[Opening Exercise data section]
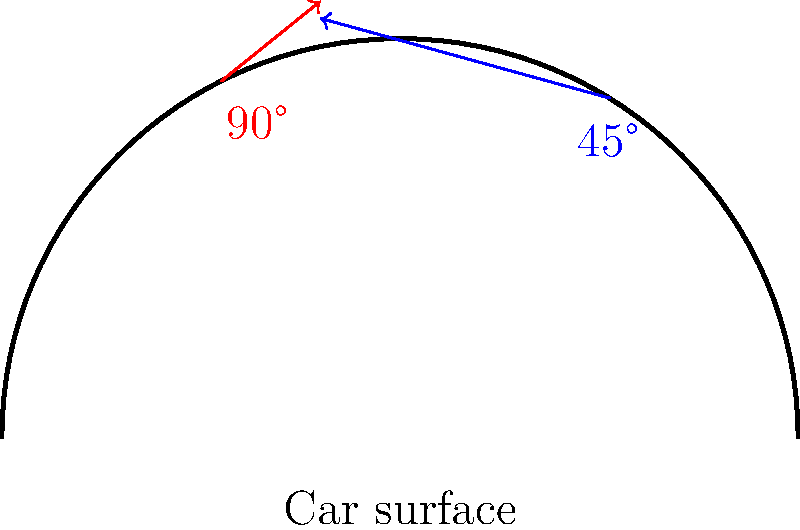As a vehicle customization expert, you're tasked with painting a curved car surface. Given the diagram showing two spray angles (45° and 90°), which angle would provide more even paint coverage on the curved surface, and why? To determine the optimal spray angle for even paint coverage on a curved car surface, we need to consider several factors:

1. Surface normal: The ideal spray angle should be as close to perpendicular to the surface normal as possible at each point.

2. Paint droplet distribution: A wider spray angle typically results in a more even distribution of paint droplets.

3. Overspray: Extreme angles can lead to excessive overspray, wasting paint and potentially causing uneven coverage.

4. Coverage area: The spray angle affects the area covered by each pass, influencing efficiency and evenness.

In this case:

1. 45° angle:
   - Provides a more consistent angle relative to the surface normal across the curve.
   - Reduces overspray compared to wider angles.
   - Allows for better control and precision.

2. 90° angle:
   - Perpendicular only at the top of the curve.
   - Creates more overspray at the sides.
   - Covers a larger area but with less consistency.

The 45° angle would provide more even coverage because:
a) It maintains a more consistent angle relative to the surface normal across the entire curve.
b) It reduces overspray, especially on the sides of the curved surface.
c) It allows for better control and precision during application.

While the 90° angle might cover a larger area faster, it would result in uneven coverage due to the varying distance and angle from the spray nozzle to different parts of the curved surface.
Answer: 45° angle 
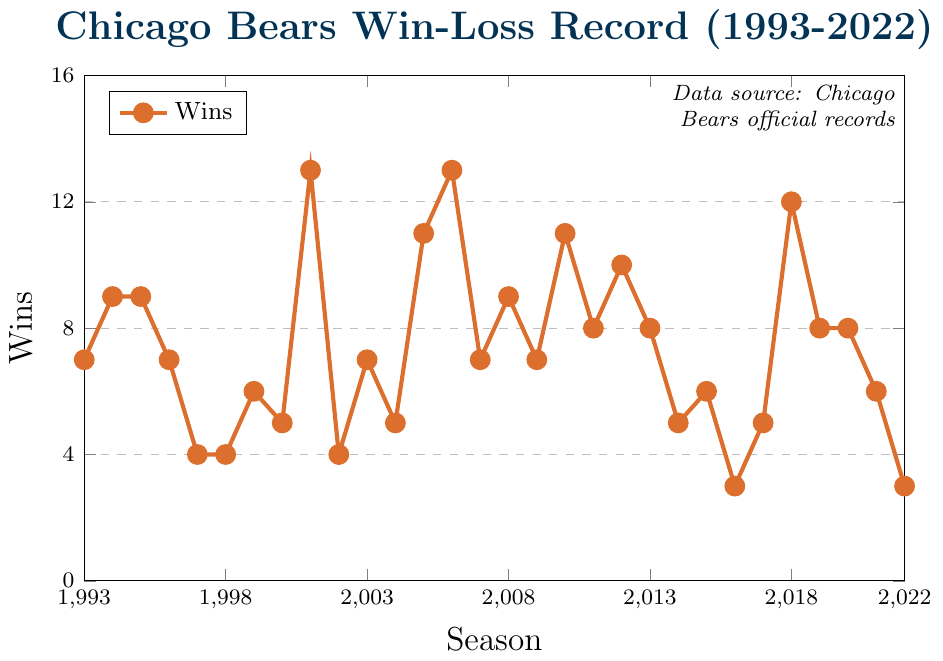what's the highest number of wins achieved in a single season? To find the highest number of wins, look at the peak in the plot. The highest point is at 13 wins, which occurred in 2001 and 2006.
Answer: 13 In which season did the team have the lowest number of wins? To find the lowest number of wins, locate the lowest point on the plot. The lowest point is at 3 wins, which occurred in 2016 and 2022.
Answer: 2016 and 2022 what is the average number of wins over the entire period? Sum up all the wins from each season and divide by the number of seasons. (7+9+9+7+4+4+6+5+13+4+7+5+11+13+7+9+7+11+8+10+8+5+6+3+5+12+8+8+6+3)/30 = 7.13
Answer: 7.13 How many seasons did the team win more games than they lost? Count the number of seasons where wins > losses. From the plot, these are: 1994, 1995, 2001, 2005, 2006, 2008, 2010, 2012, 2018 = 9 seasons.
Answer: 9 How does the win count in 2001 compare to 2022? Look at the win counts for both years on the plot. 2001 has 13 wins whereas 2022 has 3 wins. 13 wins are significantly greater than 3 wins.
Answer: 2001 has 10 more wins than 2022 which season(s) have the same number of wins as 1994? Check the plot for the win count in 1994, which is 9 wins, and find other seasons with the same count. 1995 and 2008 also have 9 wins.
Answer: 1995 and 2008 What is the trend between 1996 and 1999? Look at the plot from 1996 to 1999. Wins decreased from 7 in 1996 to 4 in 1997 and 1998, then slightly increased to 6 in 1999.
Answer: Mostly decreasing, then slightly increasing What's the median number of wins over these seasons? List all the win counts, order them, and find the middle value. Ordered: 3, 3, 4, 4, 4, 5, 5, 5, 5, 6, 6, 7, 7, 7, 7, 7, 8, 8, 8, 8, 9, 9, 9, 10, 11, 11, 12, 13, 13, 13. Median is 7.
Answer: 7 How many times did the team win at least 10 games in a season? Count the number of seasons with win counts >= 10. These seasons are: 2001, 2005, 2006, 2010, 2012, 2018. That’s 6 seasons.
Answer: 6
[Closing Exercise data section]
### [Exercise description]
An exact copy of the entries, minus the pictures, is what to return.

### [Response area]
As a vehicle customization expert, you're tasked with painting a curved car surface. Given the diagram showing two spray angles (45° and 90°), which angle would provide more even paint coverage on the curved surface, and why? To determine the optimal spray angle for even paint coverage on a curved car surface, we need to consider several factors:

1. Surface normal: The ideal spray angle should be as close to perpendicular to the surface normal as possible at each point.

2. Paint droplet distribution: A wider spray angle typically results in a more even distribution of paint droplets.

3. Overspray: Extreme angles can lead to excessive overspray, wasting paint and potentially causing uneven coverage.

4. Coverage area: The spray angle affects the area covered by each pass, influencing efficiency and evenness.

In this case:

1. 45° angle:
   - Provides a more consistent angle relative to the surface normal across the curve.
   - Reduces overspray compared to wider angles.
   - Allows for better control and precision.

2. 90° angle:
   - Perpendicular only at the top of the curve.
   - Creates more overspray at the sides.
   - Covers a larger area but with less consistency.

The 45° angle would provide more even coverage because:
a) It maintains a more consistent angle relative to the surface normal across the entire curve.
b) It reduces overspray, especially on the sides of the curved surface.
c) It allows for better control and precision during application.

While the 90° angle might cover a larger area faster, it would result in uneven coverage due to the varying distance and angle from the spray nozzle to different parts of the curved surface.
Answer: 45° angle 
what's the highest number of wins achieved in a single season? To find the highest number of wins, look at the peak in the plot. The highest point is at 13 wins, which occurred in 2001 and 2006.
Answer: 13 In which season did the team have the lowest number of wins? To find the lowest number of wins, locate the lowest point on the plot. The lowest point is at 3 wins, which occurred in 2016 and 2022.
Answer: 2016 and 2022 what is the average number of wins over the entire period? Sum up all the wins from each season and divide by the number of seasons. (7+9+9+7+4+4+6+5+13+4+7+5+11+13+7+9+7+11+8+10+8+5+6+3+5+12+8+8+6+3)/30 = 7.13
Answer: 7.13 How many seasons did the team win more games than they lost? Count the number of seasons where wins > losses. From the plot, these are: 1994, 1995, 2001, 2005, 2006, 2008, 2010, 2012, 2018 = 9 seasons.
Answer: 9 How does the win count in 2001 compare to 2022? Look at the win counts for both years on the plot. 2001 has 13 wins whereas 2022 has 3 wins. 13 wins are significantly greater than 3 wins.
Answer: 2001 has 10 more wins than 2022 which season(s) have the same number of wins as 1994? Check the plot for the win count in 1994, which is 9 wins, and find other seasons with the same count. 1995 and 2008 also have 9 wins.
Answer: 1995 and 2008 What is the trend between 1996 and 1999? Look at the plot from 1996 to 1999. Wins decreased from 7 in 1996 to 4 in 1997 and 1998, then slightly increased to 6 in 1999.
Answer: Mostly decreasing, then slightly increasing What's the median number of wins over these seasons? List all the win counts, order them, and find the middle value. Ordered: 3, 3, 4, 4, 4, 5, 5, 5, 5, 6, 6, 7, 7, 7, 7, 7, 8, 8, 8, 8, 9, 9, 9, 10, 11, 11, 12, 13, 13, 13. Median is 7.
Answer: 7 How many times did the team win at least 10 games in a season? Count the number of seasons with win counts >= 10. These seasons are: 2001, 2005, 2006, 2010, 2012, 2018. That’s 6 seasons.
Answer: 6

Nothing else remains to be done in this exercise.